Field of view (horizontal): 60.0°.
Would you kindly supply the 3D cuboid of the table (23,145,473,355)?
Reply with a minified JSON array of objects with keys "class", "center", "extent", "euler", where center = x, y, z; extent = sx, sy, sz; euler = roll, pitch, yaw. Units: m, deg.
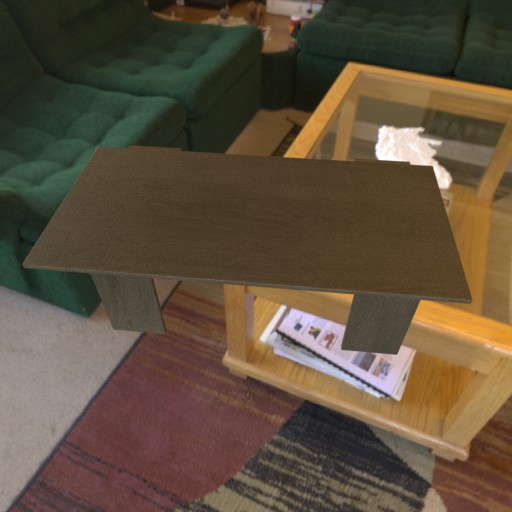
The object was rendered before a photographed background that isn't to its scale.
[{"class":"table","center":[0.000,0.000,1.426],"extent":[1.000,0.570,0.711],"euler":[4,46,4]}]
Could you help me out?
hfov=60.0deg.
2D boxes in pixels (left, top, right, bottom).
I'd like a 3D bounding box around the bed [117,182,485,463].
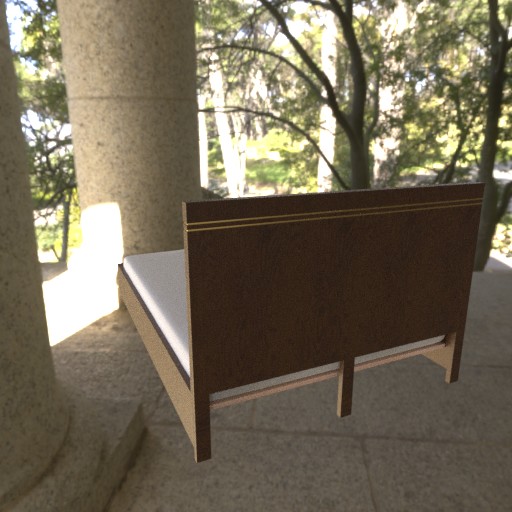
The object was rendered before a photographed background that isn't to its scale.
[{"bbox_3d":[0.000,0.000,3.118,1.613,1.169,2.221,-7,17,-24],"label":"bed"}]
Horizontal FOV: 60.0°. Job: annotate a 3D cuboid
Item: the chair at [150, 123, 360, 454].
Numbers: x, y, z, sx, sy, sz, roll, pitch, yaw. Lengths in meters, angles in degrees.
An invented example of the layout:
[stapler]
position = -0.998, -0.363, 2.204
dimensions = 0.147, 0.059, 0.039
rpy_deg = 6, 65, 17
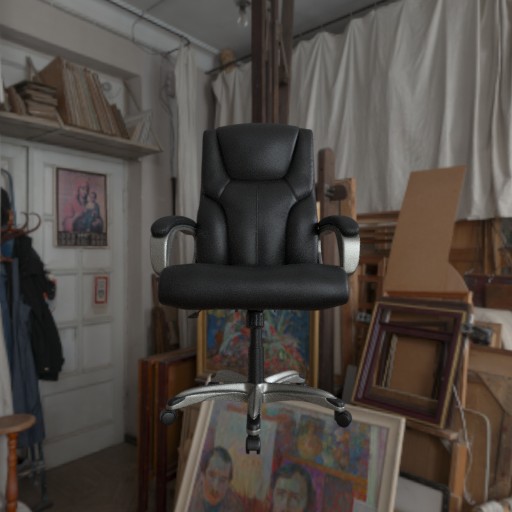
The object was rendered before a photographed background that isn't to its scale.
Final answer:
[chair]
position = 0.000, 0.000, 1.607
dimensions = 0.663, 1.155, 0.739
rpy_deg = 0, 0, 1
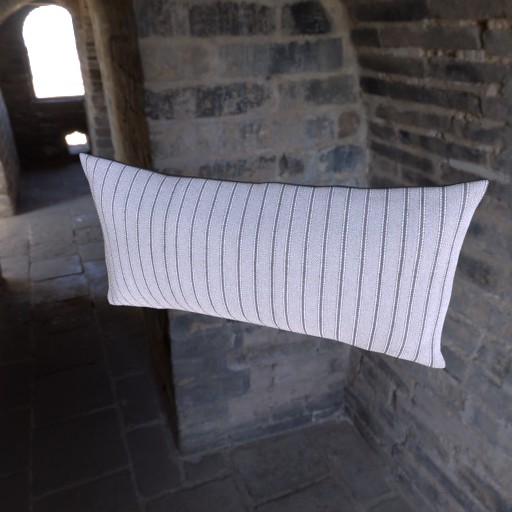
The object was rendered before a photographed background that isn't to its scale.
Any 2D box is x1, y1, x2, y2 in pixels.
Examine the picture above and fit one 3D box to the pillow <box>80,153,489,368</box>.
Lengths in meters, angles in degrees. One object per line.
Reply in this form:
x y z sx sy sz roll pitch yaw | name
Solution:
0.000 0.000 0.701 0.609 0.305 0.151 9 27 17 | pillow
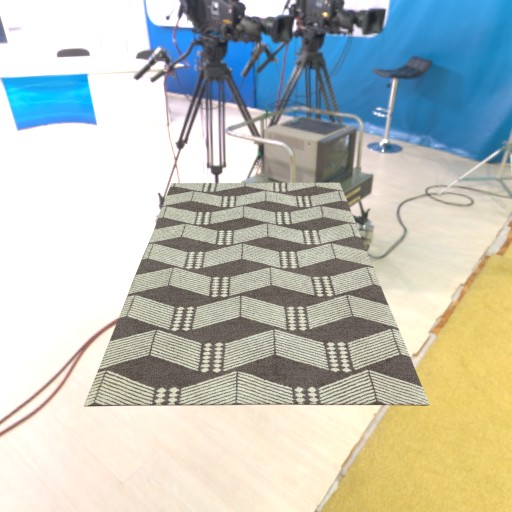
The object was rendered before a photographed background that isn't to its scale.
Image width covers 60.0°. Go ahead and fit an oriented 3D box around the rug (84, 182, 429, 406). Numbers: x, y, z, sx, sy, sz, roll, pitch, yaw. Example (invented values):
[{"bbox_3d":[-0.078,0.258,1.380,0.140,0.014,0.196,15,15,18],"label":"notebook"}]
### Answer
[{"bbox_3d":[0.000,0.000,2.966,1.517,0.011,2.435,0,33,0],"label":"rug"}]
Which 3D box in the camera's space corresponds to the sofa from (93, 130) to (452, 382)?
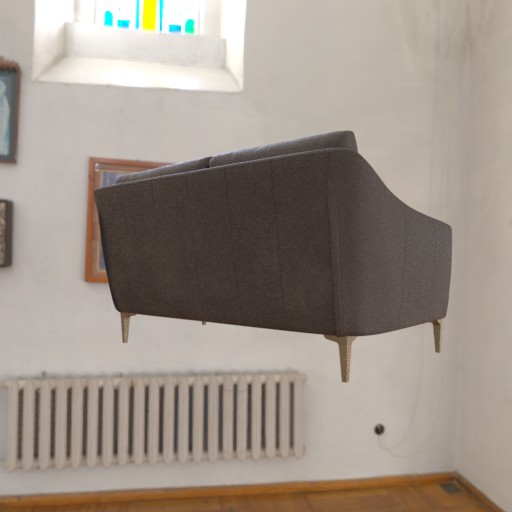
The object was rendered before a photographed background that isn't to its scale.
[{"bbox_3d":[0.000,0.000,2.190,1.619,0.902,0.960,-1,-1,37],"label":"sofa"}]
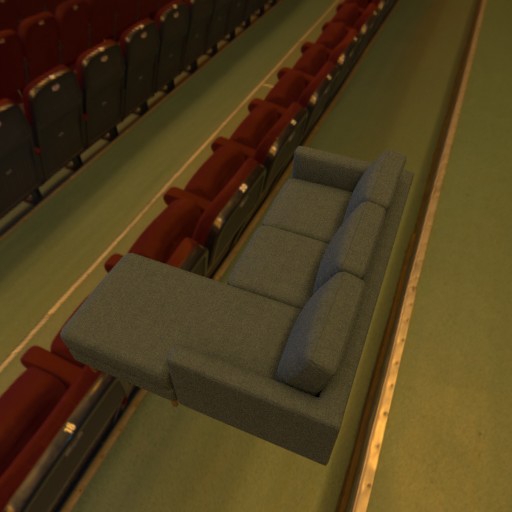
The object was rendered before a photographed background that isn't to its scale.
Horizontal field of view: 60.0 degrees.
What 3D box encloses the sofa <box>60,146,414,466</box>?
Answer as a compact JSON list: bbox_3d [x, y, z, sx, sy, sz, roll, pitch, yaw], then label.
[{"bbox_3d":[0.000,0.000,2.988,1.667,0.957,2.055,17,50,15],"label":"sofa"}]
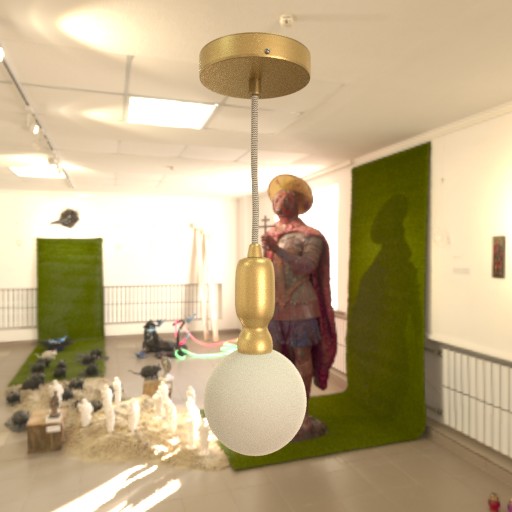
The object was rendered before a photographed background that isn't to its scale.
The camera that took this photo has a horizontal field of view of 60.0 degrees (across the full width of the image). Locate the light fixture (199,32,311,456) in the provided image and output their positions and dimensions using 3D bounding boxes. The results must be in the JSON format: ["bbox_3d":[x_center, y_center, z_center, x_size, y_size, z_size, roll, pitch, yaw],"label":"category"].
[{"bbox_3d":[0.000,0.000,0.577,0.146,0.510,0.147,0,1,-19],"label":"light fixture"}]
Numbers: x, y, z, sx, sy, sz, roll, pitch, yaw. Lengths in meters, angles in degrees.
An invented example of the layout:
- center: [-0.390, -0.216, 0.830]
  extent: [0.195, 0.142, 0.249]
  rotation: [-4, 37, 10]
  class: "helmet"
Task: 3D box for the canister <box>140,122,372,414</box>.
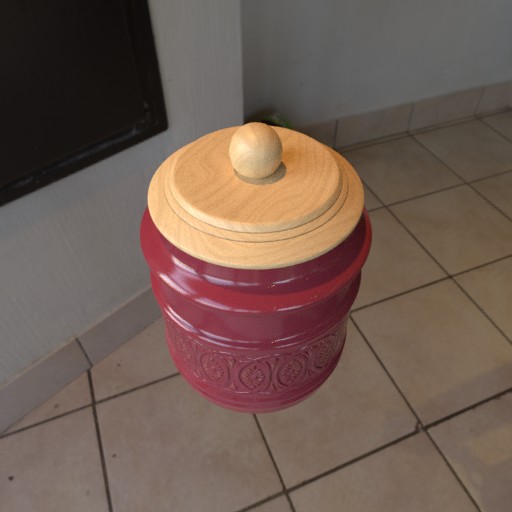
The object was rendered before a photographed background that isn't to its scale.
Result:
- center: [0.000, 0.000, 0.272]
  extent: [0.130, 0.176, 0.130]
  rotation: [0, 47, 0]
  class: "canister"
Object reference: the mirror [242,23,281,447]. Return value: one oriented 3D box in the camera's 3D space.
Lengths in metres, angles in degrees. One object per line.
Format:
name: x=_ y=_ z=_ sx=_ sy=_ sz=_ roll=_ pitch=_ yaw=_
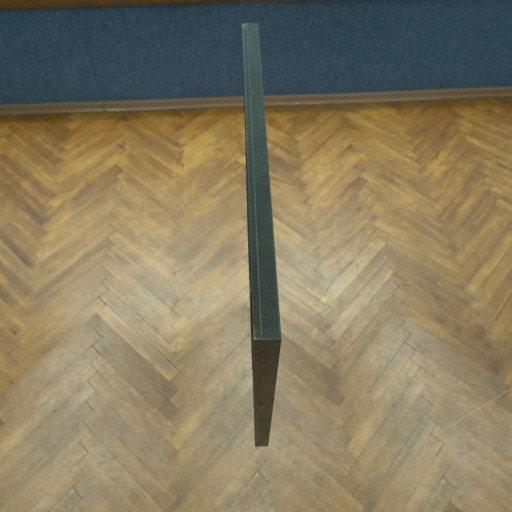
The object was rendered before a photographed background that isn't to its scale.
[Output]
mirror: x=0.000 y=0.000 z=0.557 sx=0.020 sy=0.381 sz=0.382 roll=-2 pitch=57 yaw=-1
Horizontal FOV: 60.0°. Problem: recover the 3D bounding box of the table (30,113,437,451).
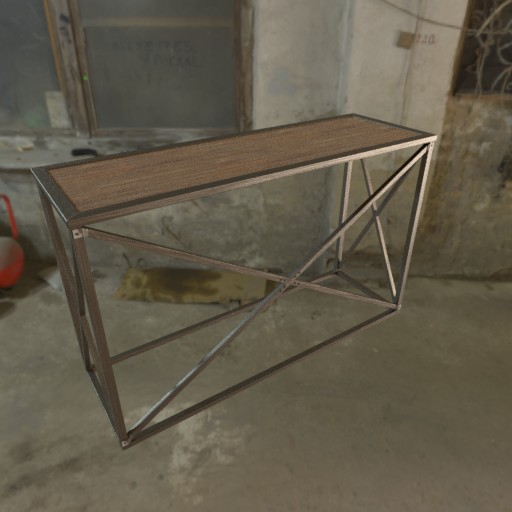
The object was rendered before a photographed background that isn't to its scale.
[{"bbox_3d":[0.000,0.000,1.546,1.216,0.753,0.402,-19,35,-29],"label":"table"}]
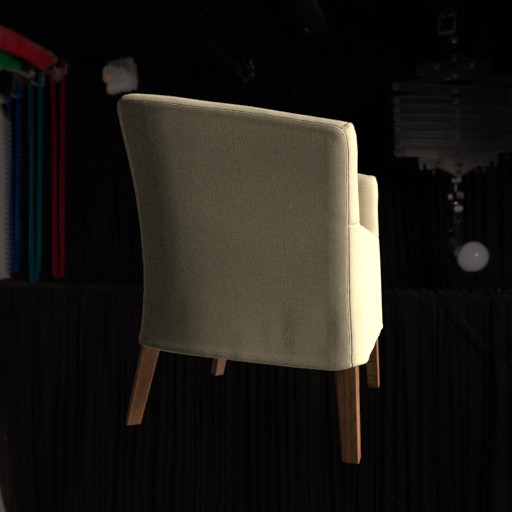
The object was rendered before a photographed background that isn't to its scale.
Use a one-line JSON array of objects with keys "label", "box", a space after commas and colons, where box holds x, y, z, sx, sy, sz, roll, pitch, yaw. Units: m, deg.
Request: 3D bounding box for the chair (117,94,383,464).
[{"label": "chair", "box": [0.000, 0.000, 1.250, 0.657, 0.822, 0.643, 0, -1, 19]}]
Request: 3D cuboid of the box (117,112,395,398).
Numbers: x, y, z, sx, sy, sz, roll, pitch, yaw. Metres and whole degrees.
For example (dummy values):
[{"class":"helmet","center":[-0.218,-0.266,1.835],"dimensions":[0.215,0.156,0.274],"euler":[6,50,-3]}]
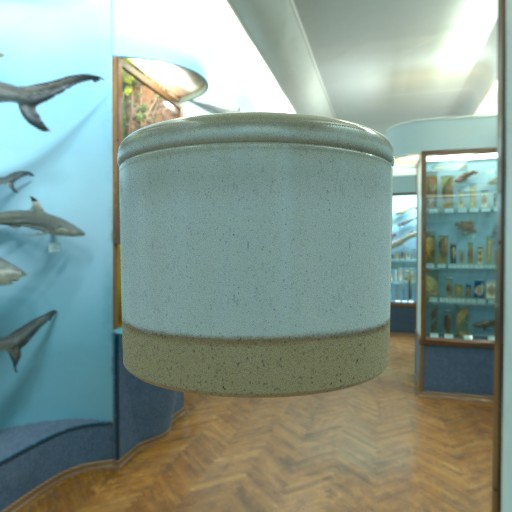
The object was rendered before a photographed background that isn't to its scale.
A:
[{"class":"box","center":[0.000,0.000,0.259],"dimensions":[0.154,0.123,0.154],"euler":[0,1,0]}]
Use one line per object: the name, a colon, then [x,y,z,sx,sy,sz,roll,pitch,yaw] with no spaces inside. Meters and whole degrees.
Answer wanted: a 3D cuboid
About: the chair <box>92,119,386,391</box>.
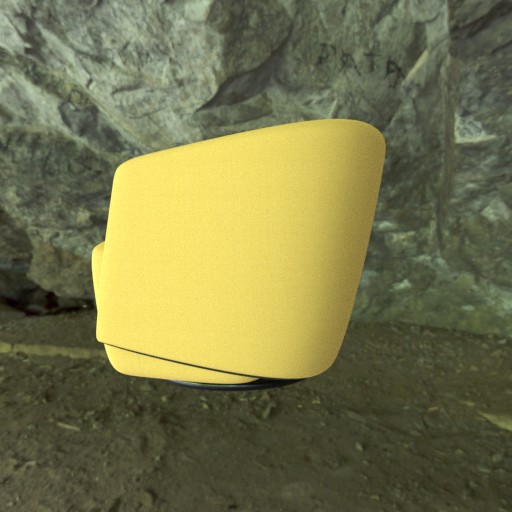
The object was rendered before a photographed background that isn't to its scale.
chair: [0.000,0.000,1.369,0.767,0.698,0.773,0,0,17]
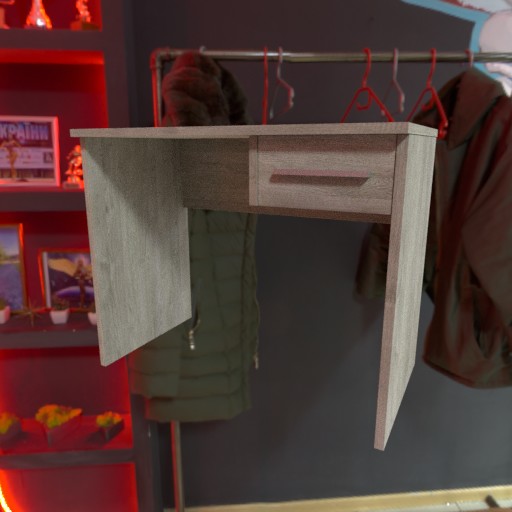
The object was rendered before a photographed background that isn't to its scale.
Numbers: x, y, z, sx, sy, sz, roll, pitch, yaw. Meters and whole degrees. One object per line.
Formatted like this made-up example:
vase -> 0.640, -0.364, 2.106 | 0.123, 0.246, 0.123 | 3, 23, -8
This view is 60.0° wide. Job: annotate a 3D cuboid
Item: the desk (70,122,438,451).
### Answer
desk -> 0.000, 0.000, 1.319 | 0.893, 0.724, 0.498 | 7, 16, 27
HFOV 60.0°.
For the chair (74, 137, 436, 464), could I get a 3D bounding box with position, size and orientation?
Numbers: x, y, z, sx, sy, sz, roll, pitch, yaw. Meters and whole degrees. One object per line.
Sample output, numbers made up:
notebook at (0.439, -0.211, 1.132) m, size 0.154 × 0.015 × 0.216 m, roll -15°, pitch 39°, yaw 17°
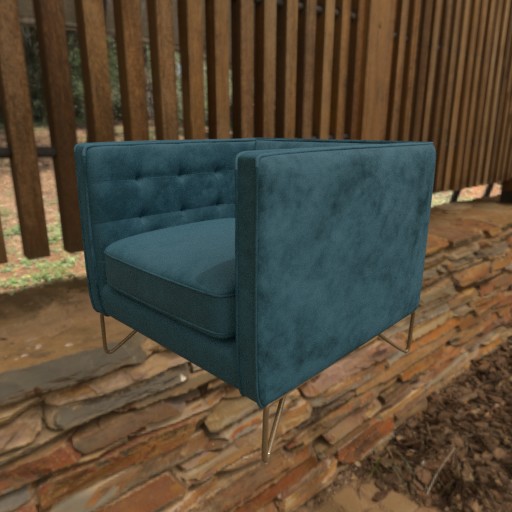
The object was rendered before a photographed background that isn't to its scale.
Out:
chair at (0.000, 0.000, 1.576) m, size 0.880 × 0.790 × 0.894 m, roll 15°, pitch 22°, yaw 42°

-*-*-

*WORK REQUEST*: Please set the data above down exactly, with the pictures removed.

*RESULT BELOW*:
Field of view (horizontal): 60.0°.
Would you kindly supply the 3D cuboid of the table (23,145,473,355)?
Reply with a minified JSON array of objects with keys "class", "center", "extent", "euler", where center = x, y, z; extent = sx, sy, sz; euler = roll, pitch, yaw. Units: m, deg.
The object was rendered before a photographed background that isn't to its scale.
[{"class":"table","center":[0.000,0.000,1.426],"extent":[1.000,0.570,0.711],"euler":[4,46,4]}]
Could you help me out?
hfov=60.0deg.
2D boxes in pixels (left, top, right, bottom).
I'd like a 3D bounding box around the bed [117,182,485,463].
The object was rendered before a photographed background that isn't to its scale.
[{"bbox_3d":[0.000,0.000,3.118,1.613,1.169,2.221,-7,17,-24],"label":"bed"}]
Horizontal FOV: 60.0°. Job: annotate a 3D cuboid
Item: the chair at [150, 123, 360, 454].
Numbers: x, y, z, sx, sy, sz, roll, pitch, yaw. Lengths in meters, angles in degrees.
An invented example of the layout:
[stapler]
position = -0.998, -0.363, 2.204
dimensions = 0.147, 0.059, 0.039
rpy_deg = 6, 65, 17
The object was rendered before a photographed background that isn't to its scale.
Final answer:
[chair]
position = 0.000, 0.000, 1.607
dimensions = 0.663, 1.155, 0.739
rpy_deg = 0, 0, 1
The object was rendered before a photographed background that isn't to its scale.
Any 2D box is x1, y1, x2, y2 in pixels.
Examine the picture above and fit one 3D box to the pillow <box>80,153,489,368</box>.
Lengths in meters, angles in degrees. One object per line.
Reply in this form:
x y z sx sy sz roll pitch yaw | name
Solution:
0.000 0.000 0.701 0.609 0.305 0.151 9 27 17 | pillow
The object was rendered before a photographed background that isn't to its scale.
Image width covers 60.0°. Go ahead and fit an oriented 3D box around the rug (84, 182, 429, 406). Numbers: x, y, z, sx, sy, sz, roll, pitch, yaw. Example (invented values):
[{"bbox_3d":[-0.078,0.258,1.380,0.140,0.014,0.196,15,15,18],"label":"notebook"}]
### Answer
[{"bbox_3d":[0.000,0.000,2.966,1.517,0.011,2.435,0,33,0],"label":"rug"}]
Which 3D box in the camera's space corresponds to the sofa from (93, 130) to (452, 382)?
The object was rendered before a photographed background that isn't to its scale.
[{"bbox_3d":[0.000,0.000,2.190,1.619,0.902,0.960,-1,-1,37],"label":"sofa"}]
The object was rendered before a photographed background that isn't to its scale.
Horizontal field of view: 60.0 degrees.
What 3D box encloses the sofa <box>60,146,414,466</box>?
Answer as a compact JSON list: bbox_3d [x, y, z, sx, sy, sz, roll, pitch, yaw], then label.
[{"bbox_3d":[0.000,0.000,2.988,1.667,0.957,2.055,17,50,15],"label":"sofa"}]
The object was rendered before a photographed background that isn't to its scale.
The camera that took this photo has a horizontal field of view of 60.0 degrees (across the full width of the image). Locate the light fixture (199,32,311,456) in the provided image and output their positions and dimensions using 3D bounding boxes. The results must be in the JSON format: ["bbox_3d":[x_center, y_center, z_center, x_size, y_size, z_size, roll, pitch, yaw],"label":"category"].
[{"bbox_3d":[0.000,0.000,0.577,0.146,0.510,0.147,0,1,-19],"label":"light fixture"}]
Numbers: x, y, z, sx, sy, sz, roll, pitch, yaw. Lengths in meters, angles in degrees.
An invented example of the layout:
- center: [-0.390, -0.216, 0.830]
  extent: [0.195, 0.142, 0.249]
  rotation: [-4, 37, 10]
  class: "helmet"
Task: 3D box for the canister <box>140,122,372,414</box>.
The object was rendered before a photographed background that isn't to its scale.
Result:
- center: [0.000, 0.000, 0.272]
  extent: [0.130, 0.176, 0.130]
  rotation: [0, 47, 0]
  class: "canister"
Object reference: the mirror [242,23,281,447]. Return value: one oriented 3D box in the camera's 3D space.
Lengths in metres, angles in degrees. One object per line.
Format:
name: x=_ y=_ z=_ sx=_ sy=_ sz=_ roll=_ pitch=_ yaw=_
The object was rendered before a photographed background that isn't to its scale.
[Output]
mirror: x=0.000 y=0.000 z=0.557 sx=0.020 sy=0.381 sz=0.382 roll=-2 pitch=57 yaw=-1
Horizontal FOV: 60.0°. Problem: recover the 3D bounding box of the table (30,113,437,451).
The object was rendered before a photographed background that isn't to its scale.
[{"bbox_3d":[0.000,0.000,1.546,1.216,0.753,0.402,-19,35,-29],"label":"table"}]
The object was rendered before a photographed background that isn't to its scale.
Use a one-line JSON array of objects with keys "label", "box", a space after commas and colons, where box holds x, y, z, sx, sy, sz, roll, pitch, yaw. Units: m, deg.
Request: 3D bounding box for the chair (117,94,383,464).
[{"label": "chair", "box": [0.000, 0.000, 1.250, 0.657, 0.822, 0.643, 0, -1, 19]}]
Request: 3D cuboid of the box (117,112,395,398).
Numbers: x, y, z, sx, sy, sz, roll, pitch, yaw. Metres and whole degrees.
For example (dummy values):
[{"class":"helmet","center":[-0.218,-0.266,1.835],"dimensions":[0.215,0.156,0.274],"euler":[6,50,-3]}]
The object was rendered before a photographed background that isn't to its scale.
A:
[{"class":"box","center":[0.000,0.000,0.259],"dimensions":[0.154,0.123,0.154],"euler":[0,1,0]}]
Use one line per object: the name, a colon, then [x,y,z,sx,sy,sz,roll,pitch,yaw] with no spaces inside. Meters and whole degrees.
Answer wanted: a 3D cuboid
About: the chair <box>92,119,386,391</box>.
The object was rendered before a photographed background that isn't to its scale.
chair: [0.000,0.000,1.369,0.767,0.698,0.773,0,0,17]
The object was rendered before a photographed background that isn't to its scale.
Numbers: x, y, z, sx, sy, sz, roll, pitch, yaw. Meters and whole degrees. One object per line.
Formatted like this made-up example:
vase -> 0.640, -0.364, 2.106 | 0.123, 0.246, 0.123 | 3, 23, -8
This view is 60.0° wide. Job: annotate a 3D cuboid
Item: the desk (70,122,438,451).
### Answer
desk -> 0.000, 0.000, 1.319 | 0.893, 0.724, 0.498 | 7, 16, 27
HFOV 60.0°.
For the chair (74, 137, 436, 464), could I get a 3D bounding box with position, size and orientation?
Numbers: x, y, z, sx, sy, sz, roll, pitch, yaw. Meters and whole degrees. One object per line.
Sample output, numbers made up:
notebook at (0.439, -0.211, 1.132) m, size 0.154 × 0.015 × 0.216 m, roll -15°, pitch 39°, yaw 17°
The object was rendered before a photographed background that isn't to its scale.
Out:
chair at (0.000, 0.000, 1.576) m, size 0.880 × 0.790 × 0.894 m, roll 15°, pitch 22°, yaw 42°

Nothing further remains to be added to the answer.